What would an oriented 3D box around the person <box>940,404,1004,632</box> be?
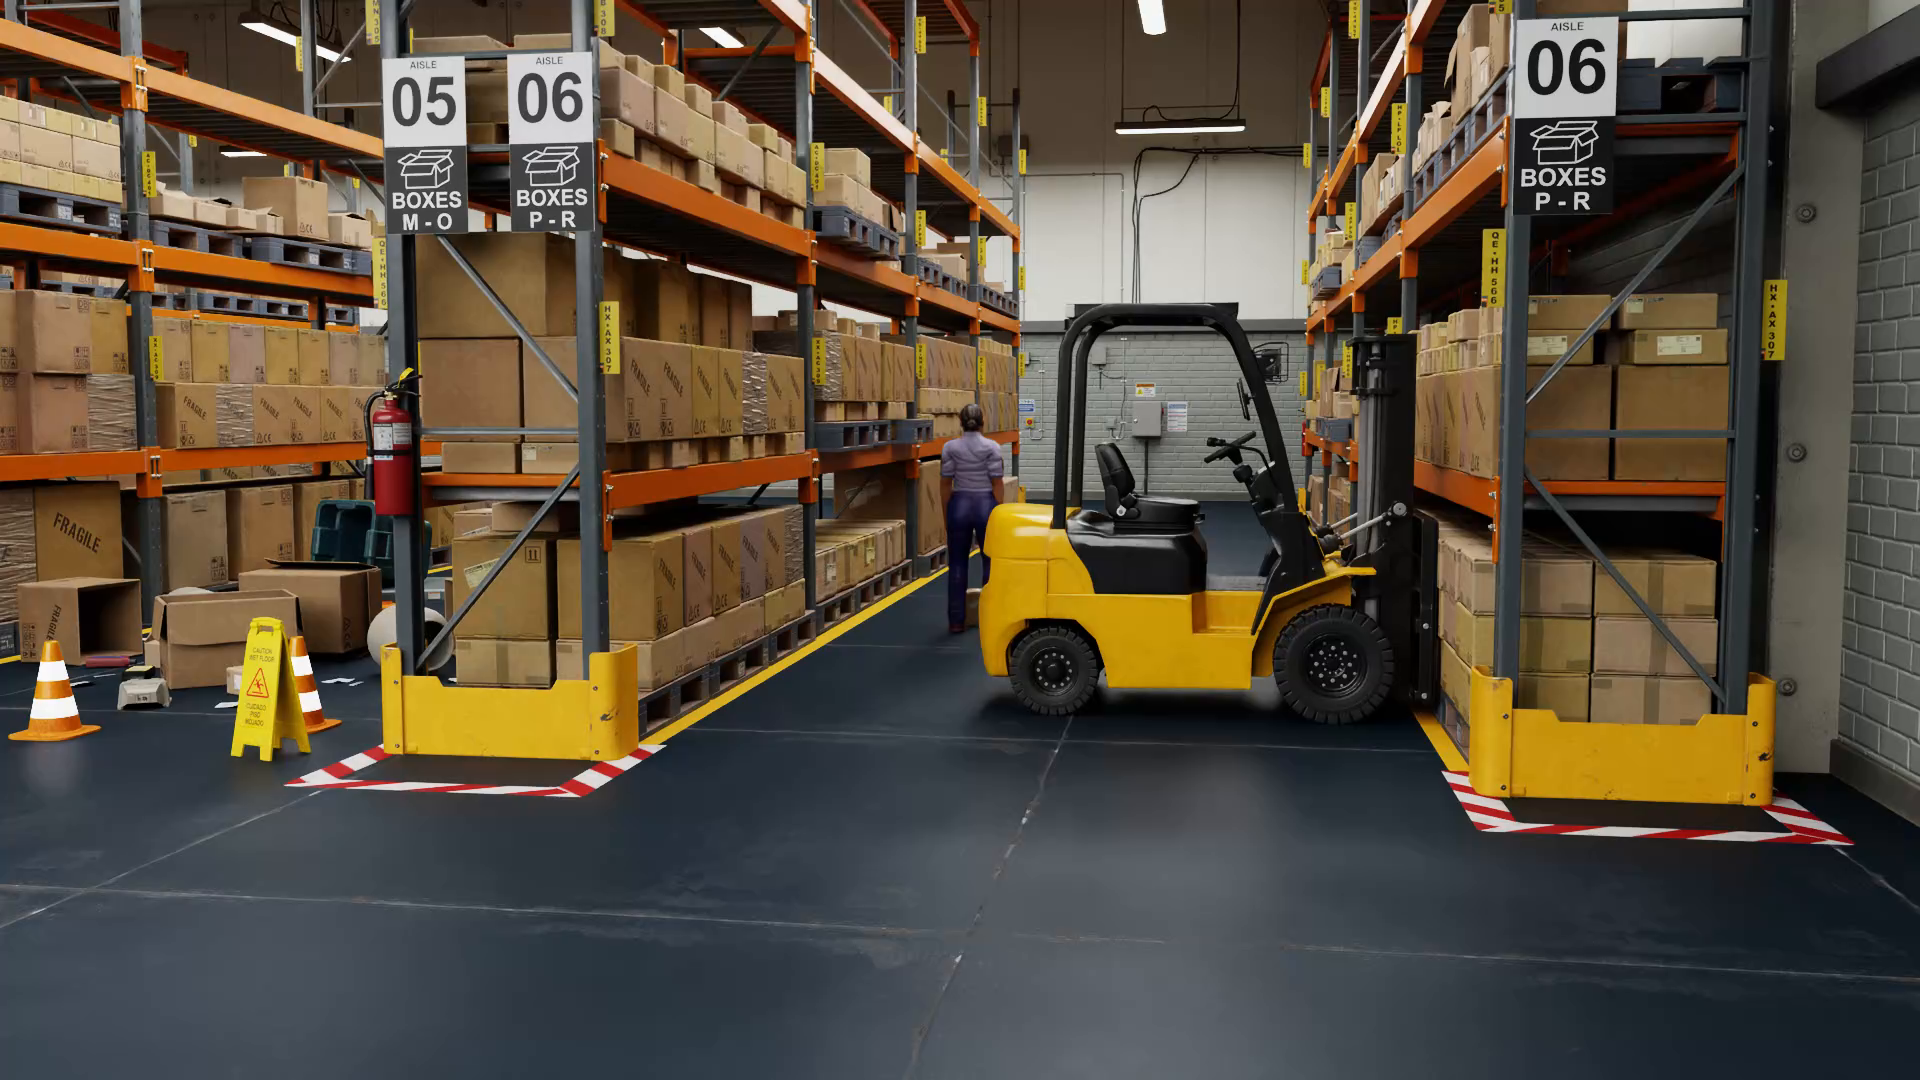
[{"bbox_3d":[0.089,-0.150,11.936,0.468,1.653,0.343,1,5,10],"label":"person"}]
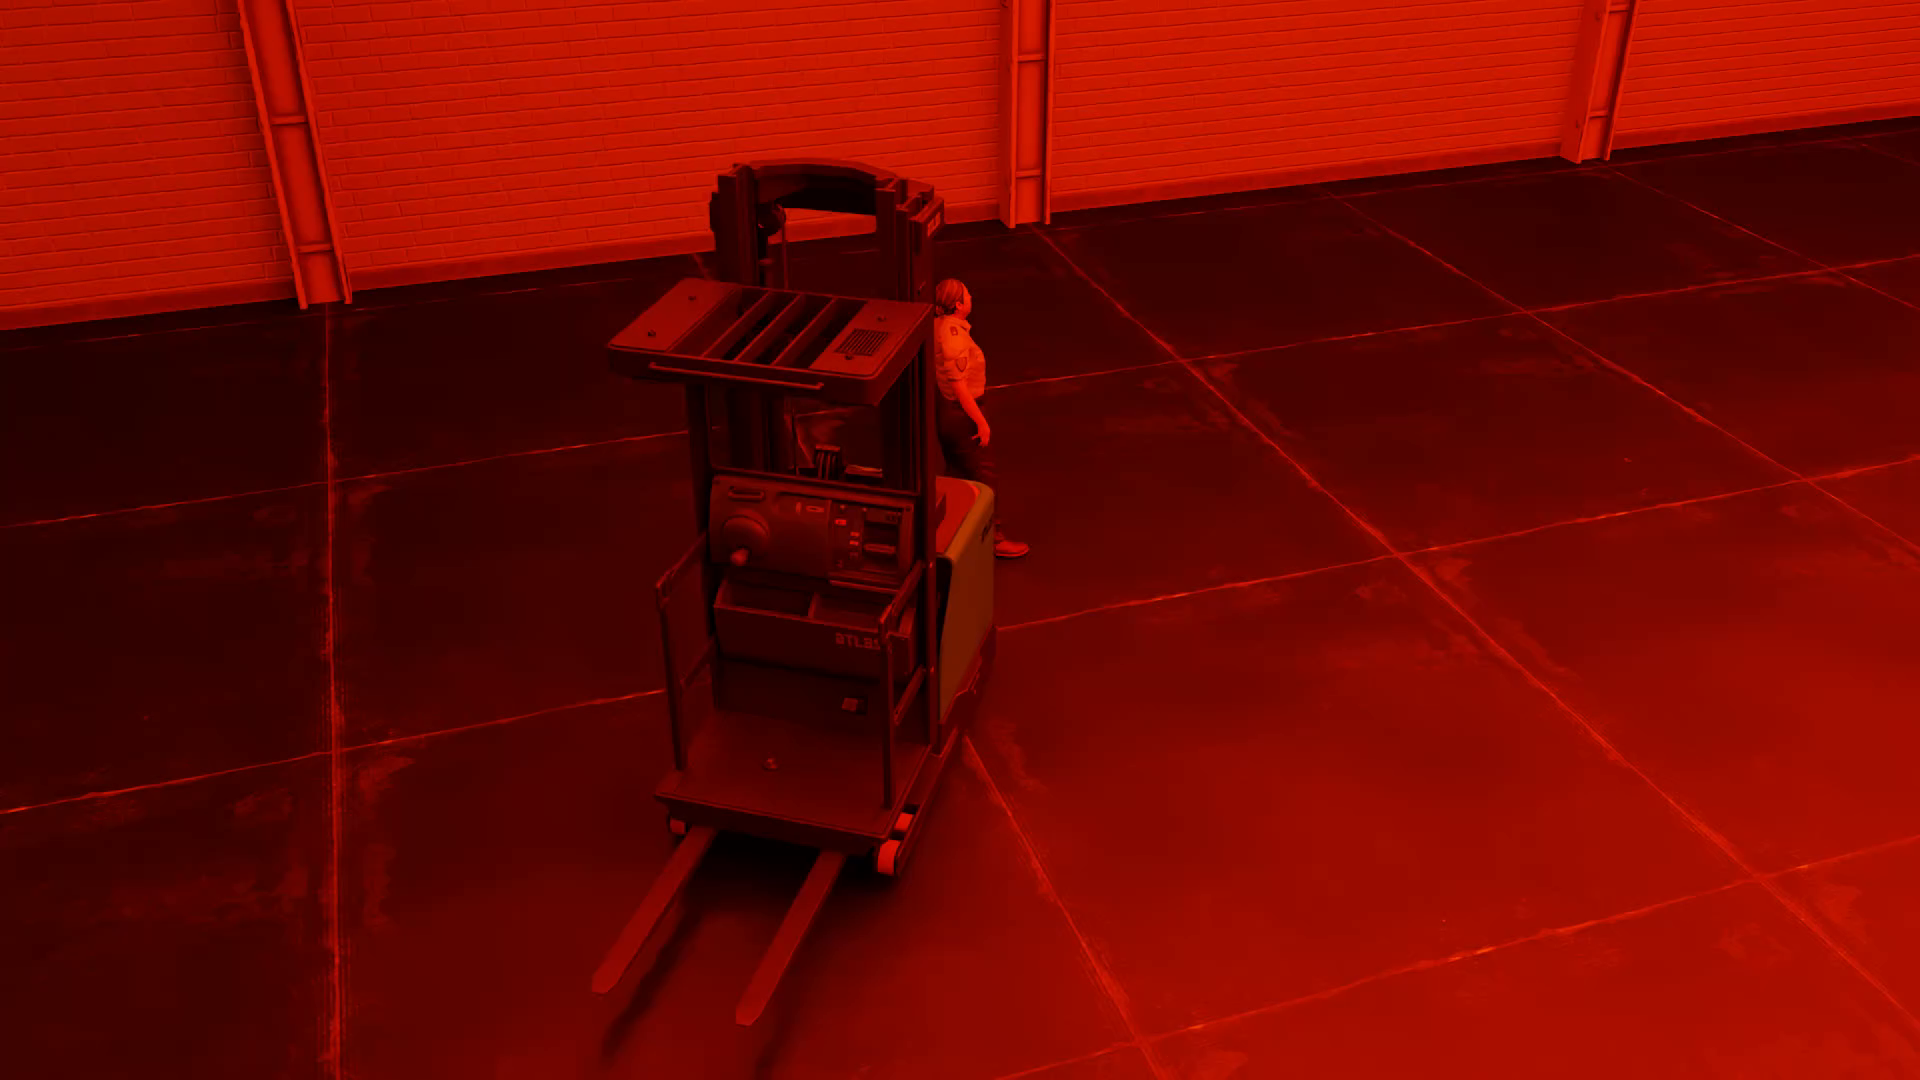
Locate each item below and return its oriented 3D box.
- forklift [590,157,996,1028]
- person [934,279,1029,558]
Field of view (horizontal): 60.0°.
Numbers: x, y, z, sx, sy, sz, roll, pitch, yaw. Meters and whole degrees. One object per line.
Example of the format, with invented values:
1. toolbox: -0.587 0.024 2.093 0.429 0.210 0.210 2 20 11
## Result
1. forklift: -0.709 0.011 7.069 1.130 2.935 3.031 8 31 14
2. person: 0.093 -0.724 9.618 0.502 1.651 0.598 -10 31 -16

.....

◆ Your task
Above are the records; return them exactly, minus the pictures.

◆ Result
What would an oriented 3D box around the person <box>940,404,1004,632</box> be?
[{"bbox_3d":[0.089,-0.150,11.936,0.468,1.653,0.343,1,5,10],"label":"person"}]
Locate each item below and return its oriented 3D box.
- forklift [590,157,996,1028]
- person [934,279,1029,558]
Field of view (horizontal): 60.0°.
Numbers: x, y, z, sx, sy, sz, roll, pitch, yaw. Meters and whole degrees. One object per line.
Example of the format, with invented values:
1. toolbox: -0.587 0.024 2.093 0.429 0.210 0.210 2 20 11
## Result
1. forklift: -0.709 0.011 7.069 1.130 2.935 3.031 8 31 14
2. person: 0.093 -0.724 9.618 0.502 1.651 0.598 -10 31 -16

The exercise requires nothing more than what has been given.